2009.09.15 更新
ニンニクは古代エジプト時代から強壮剤として利用されてきました。中国のギョウザ事件以降国産のニンニクが再認識され、家庭菜園でも広く栽培されています。
品種は暖地系(壱岐早生、嘉定早生)と寒地系(ホワイト六片)があり、その地域に適したものを選びます。
植付け時期は9月下旬から10月上旬です。
種球は自家採取する場合と購入する場合があり、購入する場合は信用のある店で購入します。いずれも病気のない大球を10m2あたり約1~1.5kg準備し、植付け直前に鱗片を分割します。【図1】
ほ場は日当たりが良く、耕土が深く排水、保水ともに良好で、肥沃な粘質壌土を選びます。植付け約2週間前までに10m2あたり、堆肥20kg、石灰質肥料1.2kg、有機入り化成肥料を1kg施用して耕起し、畝幅1.2m(4条植え)で畝立てを行います。
畝幅1.2m、株間12~15cm、条間30cmで、芽の出る方を上に向け深さ3~5㎝に植付けます。覆土が厚すぎると萌芽が遅れたり、不揃いになりやすくなります。【図2】
1箇所から2本以上発芽する場合は、本葉3~4枚の頃、強い芽を1本残して他をかぎ取ります。この場合、残す芽を傷めないように片手で押さえ、もう一方の手で引き裂くようにしてかぎとります。【図3】
追肥は12月と2月上中旬に化成肥料を10m2あたり400g程度施用します。3月以降に追肥を行うと裂球と腐れの原因となります。

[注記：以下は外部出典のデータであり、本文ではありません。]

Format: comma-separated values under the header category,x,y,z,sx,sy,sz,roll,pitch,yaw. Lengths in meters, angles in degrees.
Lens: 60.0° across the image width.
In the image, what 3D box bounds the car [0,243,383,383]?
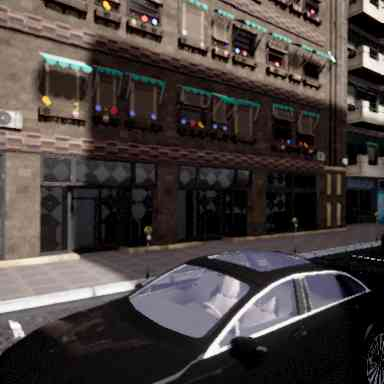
category,x,y,z,sx,sy,sz,roll,pitch,yaw
car,0.487,1.508,3.720,4.902,1.511,2.128,0,0,-35

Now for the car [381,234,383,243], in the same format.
category,x,y,z,sx,sy,sz,roll,pitch,yaw
car,9.207,1.665,13.093,4.313,1.339,1.947,0,0,-35
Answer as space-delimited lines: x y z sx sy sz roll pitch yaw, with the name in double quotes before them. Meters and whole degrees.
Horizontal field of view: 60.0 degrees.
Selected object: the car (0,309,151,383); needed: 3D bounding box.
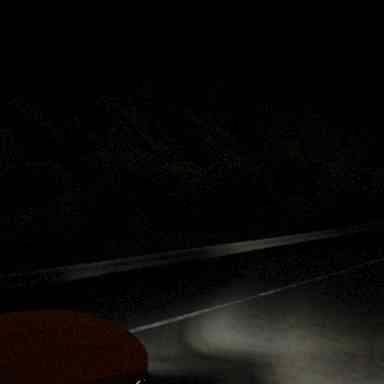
"car" -2.625 1.488 1.942 5.008 1.535 1.882 0 0 -35
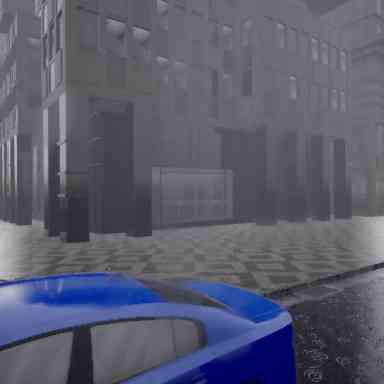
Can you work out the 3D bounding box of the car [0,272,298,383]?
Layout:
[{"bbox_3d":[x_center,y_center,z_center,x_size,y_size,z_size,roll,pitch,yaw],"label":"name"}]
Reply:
[{"bbox_3d":[-1.329,1.477,2.431,5.008,1.535,1.882,0,0,-36],"label":"car"}]
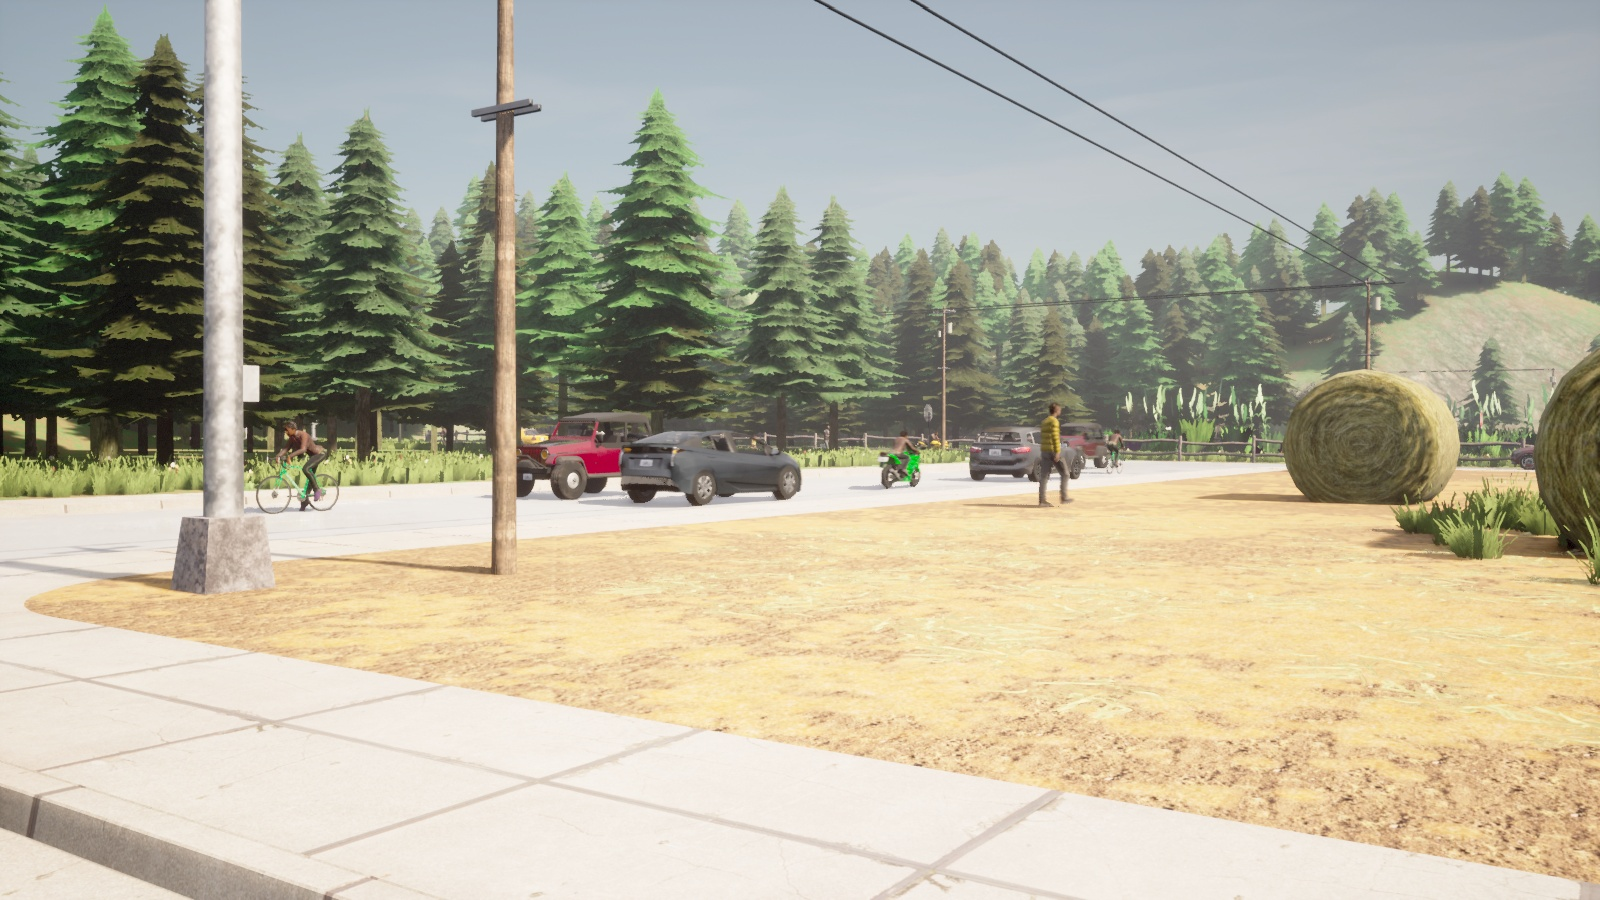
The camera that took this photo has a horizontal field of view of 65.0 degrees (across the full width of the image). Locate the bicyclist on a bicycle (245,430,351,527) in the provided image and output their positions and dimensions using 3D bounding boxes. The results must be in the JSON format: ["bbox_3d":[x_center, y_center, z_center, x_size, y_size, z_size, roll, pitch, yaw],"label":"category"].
[{"bbox_3d":[-8.881,0.477,22.268,0.582,1.620,1.656,0,1,35],"label":"bicyclist on a bicycle"}]

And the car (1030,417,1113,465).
[{"bbox_3d":[11.120,-0.376,51.252,1.905,1.878,3.866,0,1,35],"label":"car"}]

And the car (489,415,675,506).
[{"bbox_3d":[-4.814,0.177,28.157,1.905,1.878,3.866,0,1,35],"label":"car"}]

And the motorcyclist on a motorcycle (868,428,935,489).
[{"bbox_3d":[2.670,0.200,32.835,0.797,1.523,2.044,0,1,35],"label":"motorcyclist on a motorcycle"}]

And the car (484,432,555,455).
[{"bbox_3d":[-20.104,-0.477,89.933,5.366,1.575,1.801,0,1,36],"label":"car"}]

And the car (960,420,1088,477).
[{"bbox_3d":[7.063,-0.090,39.193,2.242,1.667,4.611,0,1,34],"label":"car"}]

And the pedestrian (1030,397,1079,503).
[{"bbox_3d":[4.476,-0.005,22.115,0.709,1.840,0.431,-1,1,-22],"label":"pedestrian"}]

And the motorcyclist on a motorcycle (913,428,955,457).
[{"bbox_3d":[7.021,-0.400,65.785,2.044,1.523,0.797,0,1,37],"label":"motorcyclist on a motorcycle"}]

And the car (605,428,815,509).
[{"bbox_3d":[-1.788,0.320,26.379,2.007,1.525,4.514,0,1,35],"label":"car"}]

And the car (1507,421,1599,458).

冬季と春先の乾燥期には、潅水をしたり切りワラを散布して乾燥を防ぎます。一方、雨が多いときには十分排水を行います。特に生育後期での土壌水分の変動は裂球、着色球の発生原因となります。
4~5月にかけてトウ立ちをしてきます。このトウをそのままにしておくと、栄養が蕾の方にいき、鱗片の肥大が悪くなるので早めに除去します。
排水不良や肥切れ、又は肥料の効きすぎは、ベト病、葉枯病やさび病の発生を助長します。害虫はアブラムシやアザミウマがきますので定期的に防除をして下さい。なお薬剤が付着しにくいので展着剤を加えて下さい。
株全体の葉が1/2~1/3くらい黄色くなり、球の底部(尻部)が平らになったときが収穫適期です。早すぎると収量が少なく、遅れると割れ玉が多く品質が低下します。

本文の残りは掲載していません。